= Beginning of Section =

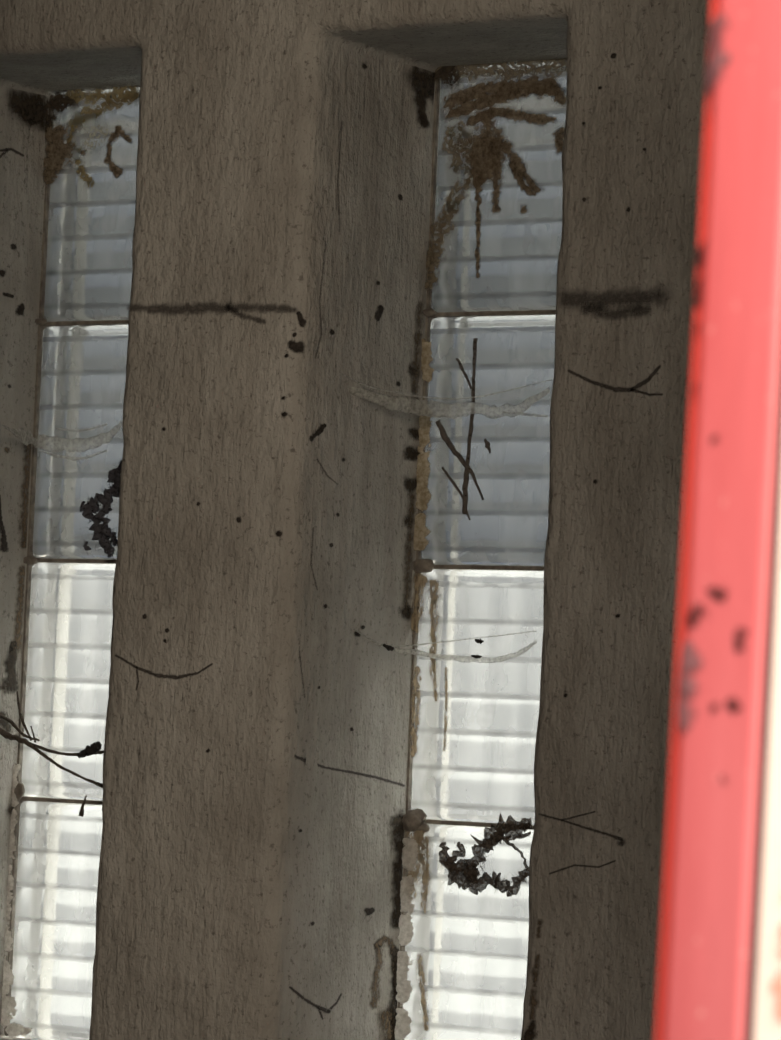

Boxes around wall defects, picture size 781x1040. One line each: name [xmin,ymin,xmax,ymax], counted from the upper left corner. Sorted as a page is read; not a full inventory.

crack [127,122,342,358]
peeling [394,838,419,1040]
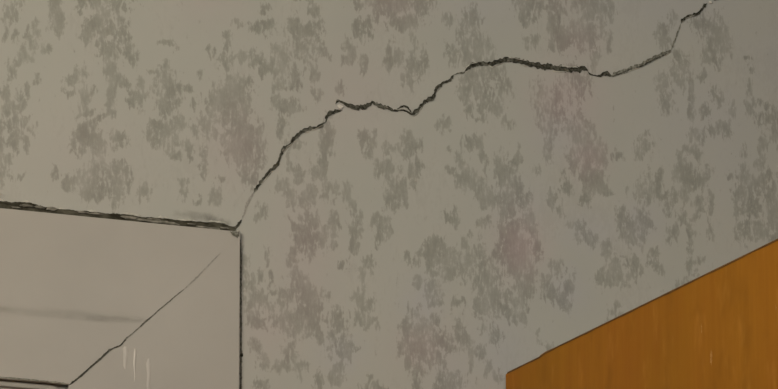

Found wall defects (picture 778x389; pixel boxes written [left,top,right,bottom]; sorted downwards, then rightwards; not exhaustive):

crack [69,254,220,385]
crack [233,1,712,389]

= End of Section =

Task details →
When you write out the material again, keep every word exact and omit the pictures.

Reply →
Boxes around wall defects, picture size 781x1040. One line each: name [xmin,ymin,xmax,ymax], counted from the upper left corner. Sorted as a page is read; not a full inventory.

crack [127,122,342,358]
peeling [394,838,419,1040]

Found wall defects (picture 778x389; pixel boxes written [left,top,right,bottom]; sorted downwards, then rightwards; not exhaustive):

crack [69,254,220,385]
crack [233,1,712,389]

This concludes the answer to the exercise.